The Friends of Wighton will be officially launched with a series of music events on Friday 29th and Saturday 30th September 2006. The events, part of the music series “Fest ‘n’ Furious”, will be held in Dundee Central Library’s Wighton Heritage Centre as well as in the Steps Theater, and Abertay University.

The Wighton Collection is one of the world’s finest collections of old Scottish music books. Brought together in the 19th century by Dundee merchant Andrew Wighton, the Collection is now kept in a purpose-built centre in Dundee Central library. The Friends of Wighton has been formed to help make the Wighton Collection and the Wighton Heritage Centre more accessible to the people of Dundee, Fife and Angus.

On Friday 29th September, from 11am, there will be a free Open Morning at the
Wighton Centre in Dundee’s Central Library where Friends will be on hand to
explain the Collection of music books. At 2pm, the distinguished scholar and singer Dr Kirsteen McCue will give a talk on the work of James Hogg, 18th century author and songwriter.

In the evening a harpsichord recital on the Wighton’s own concert grade
harpsichord will be given by David Hamilton. David will play some
rarities from the Collection and will accompany Kirsteen McCue in some songs
associated with James Hogg. The recital starts at 7.30pm, admission £5/£3.

On Saturday 30th September, the Friends of Wighton launch weekend continues
with a Gaelic Song workshop conducted by well known singer Wilma Kennedy.
Wilma is a first-rate teacher and even those with no Gaelic will enjoy the
workshop which starts at 10am in the Wighton Centre, admission £2/£1.

At 11am in the Hannah Maclure Centre at Abertay University, Bell Street,
there is a Cappuccino Concert. Dundee singer Helen Brown, renowned both for
her golden voice and her sense of humour, will mix classical and offbeat
settings of the Songs of Robert Burns. Tickets are £5/£3, to include a cup
of coffee and browse through the papers, and pre-booking is advisable.

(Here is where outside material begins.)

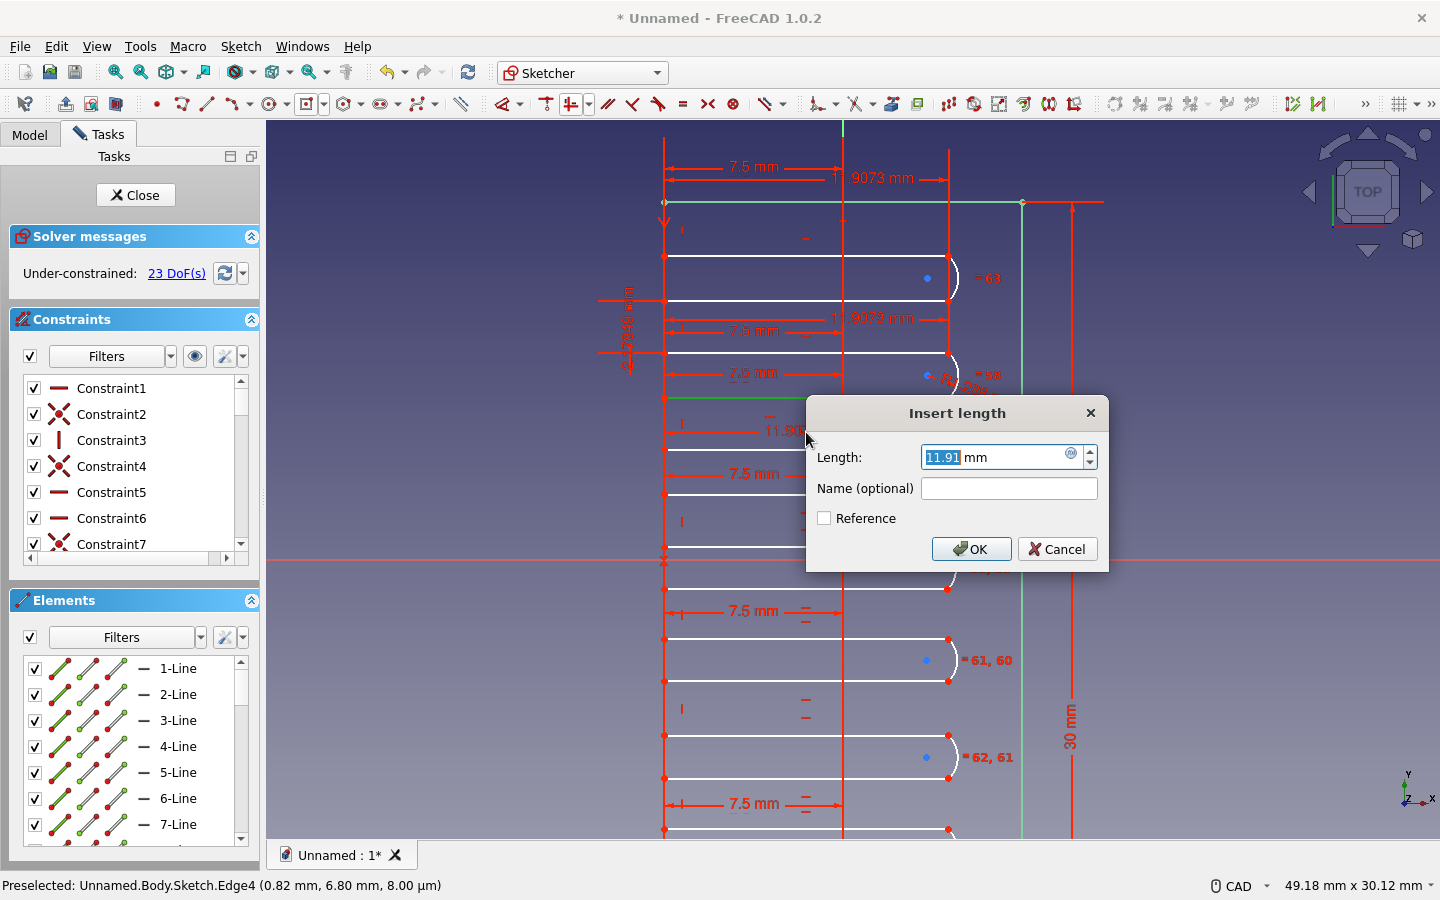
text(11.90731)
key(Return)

The excellent young ceilidh band Randan will be giving some of the tunes
from the Collection a lively airing in a free lunchtime acoustic concert in
the Steps Theatre, Central Library. Special guest is renowned singer Maureen
Jelks and the concert kicks off at 12.30.

Maureen Jelks is also the tutor for the afternoon’s Scots song workshop
which begins at 2pm in the Wighton Centre. Tickets are £2/£1 and a
fascinating and fun afternoon is guaranteed.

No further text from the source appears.